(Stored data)
────────
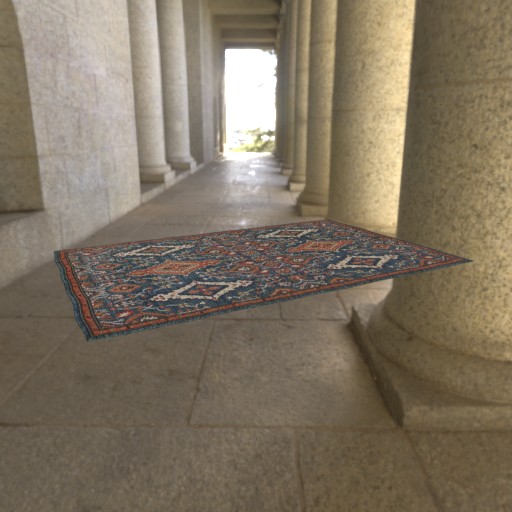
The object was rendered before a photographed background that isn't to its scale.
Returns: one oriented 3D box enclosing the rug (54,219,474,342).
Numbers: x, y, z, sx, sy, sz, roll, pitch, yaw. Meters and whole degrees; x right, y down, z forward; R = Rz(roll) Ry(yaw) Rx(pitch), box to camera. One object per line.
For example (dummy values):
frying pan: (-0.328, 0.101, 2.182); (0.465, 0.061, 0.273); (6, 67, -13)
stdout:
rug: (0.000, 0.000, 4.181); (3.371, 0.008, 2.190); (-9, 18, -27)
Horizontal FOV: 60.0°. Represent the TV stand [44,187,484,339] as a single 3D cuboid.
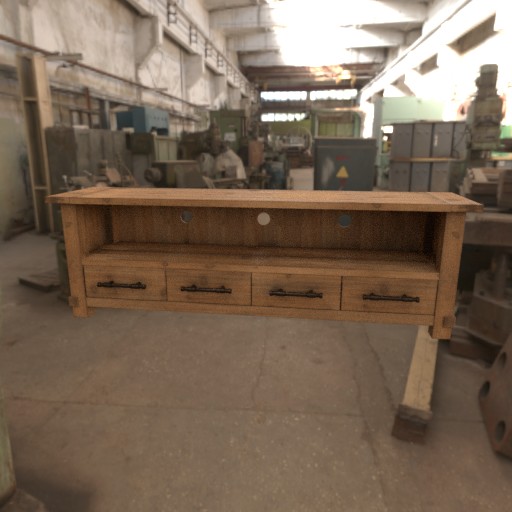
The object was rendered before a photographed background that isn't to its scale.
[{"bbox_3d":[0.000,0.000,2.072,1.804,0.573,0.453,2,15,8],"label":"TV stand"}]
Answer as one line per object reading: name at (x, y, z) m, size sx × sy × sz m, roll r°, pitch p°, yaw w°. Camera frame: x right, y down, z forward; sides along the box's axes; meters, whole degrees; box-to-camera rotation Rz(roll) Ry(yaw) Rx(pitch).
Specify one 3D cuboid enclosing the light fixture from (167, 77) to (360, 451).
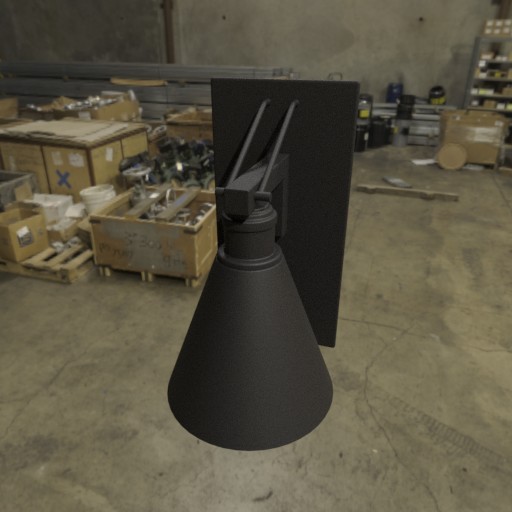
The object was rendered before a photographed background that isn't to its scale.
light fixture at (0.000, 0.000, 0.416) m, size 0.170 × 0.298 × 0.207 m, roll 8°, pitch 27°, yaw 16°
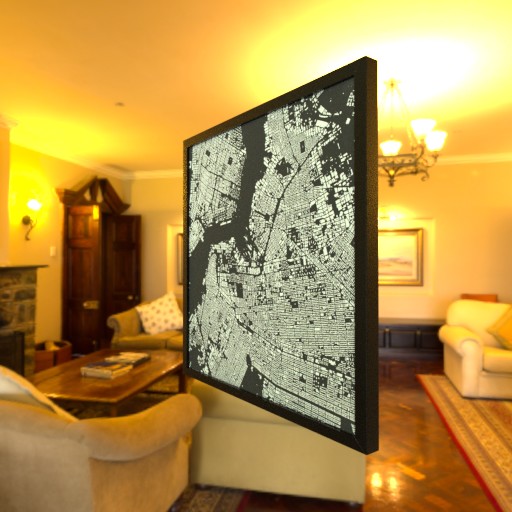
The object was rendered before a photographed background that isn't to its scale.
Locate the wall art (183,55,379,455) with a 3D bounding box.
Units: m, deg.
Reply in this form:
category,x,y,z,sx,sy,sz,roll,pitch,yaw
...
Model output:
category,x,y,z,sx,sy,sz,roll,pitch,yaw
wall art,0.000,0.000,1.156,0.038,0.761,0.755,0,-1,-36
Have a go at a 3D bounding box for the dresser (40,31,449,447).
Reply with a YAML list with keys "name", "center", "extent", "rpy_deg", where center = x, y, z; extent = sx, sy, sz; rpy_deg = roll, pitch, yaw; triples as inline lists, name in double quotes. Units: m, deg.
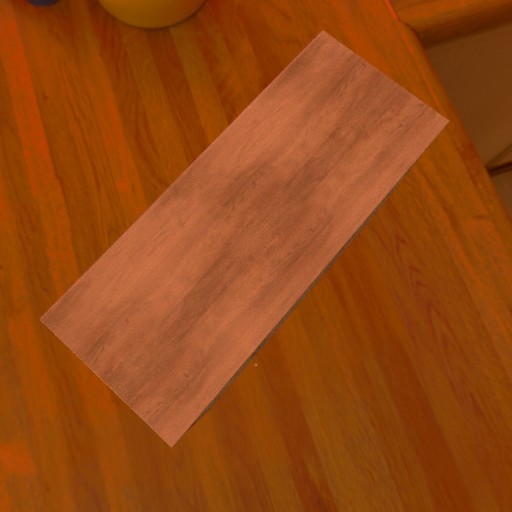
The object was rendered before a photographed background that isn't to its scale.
────────
*Exercise*.
Each line above must be repeated exactly in the answer, with pictures omitted.

*Answer section*.
The object was rendered before a photographed background that isn't to its scale.
Returns: one oriented 3D box enclosing the rug (54,219,474,342).
Numbers: x, y, z, sx, sy, sz, roll, pitch, yaw. Meters and whole degrees; x right, y down, z forward; R = Rz(roll) Ry(yaw) Rx(pitch), box to camera. One object per line.
For example (dummy values):
frying pan: (-0.328, 0.101, 2.182); (0.465, 0.061, 0.273); (6, 67, -13)
stdout:
rug: (0.000, 0.000, 4.181); (3.371, 0.008, 2.190); (-9, 18, -27)
Horizontal FOV: 60.0°. Represent the TV stand [44,187,484,339] as a single 3D cuboid.
The object was rendered before a photographed background that isn't to its scale.
[{"bbox_3d":[0.000,0.000,2.072,1.804,0.573,0.453,2,15,8],"label":"TV stand"}]
Answer as one line per object reading: name at (x, y, z) m, size sx × sy × sz m, roll r°, pitch p°, yaw w°. Camera frame: x right, y down, z forward; sides along the box's axes; meters, whole degrees; box-to-camera rotation Rz(roll) Ry(yaw) Rx(pitch).
Specify one 3D cuboid enclosing the light fixture from (167, 77) to (360, 451).
The object was rendered before a photographed background that isn't to its scale.
light fixture at (0.000, 0.000, 0.416) m, size 0.170 × 0.298 × 0.207 m, roll 8°, pitch 27°, yaw 16°
The object was rendered before a photographed background that isn't to its scale.
Locate the wall art (183,55,379,455) with a 3D bounding box.
Units: m, deg.
Reply in this form:
category,x,y,z,sx,sy,sz,roll,pitch,yaw
...
Model output:
category,x,y,z,sx,sy,sz,roll,pitch,yaw
wall art,0.000,0.000,1.156,0.038,0.761,0.755,0,-1,-36
Have a go at a 3D bounding box for the dresser (40,31,449,447).
Reply with a YAML list with keys "name", "center", "extent", "rpy_deg", where center = x, y, z; extent = sx, sy, sz; rpy_deg = roll, pitch, yaw; triples as inline lists, name in double quotes. Units: m, deg.
The object was rendered before a photographed background that isn't to its scale.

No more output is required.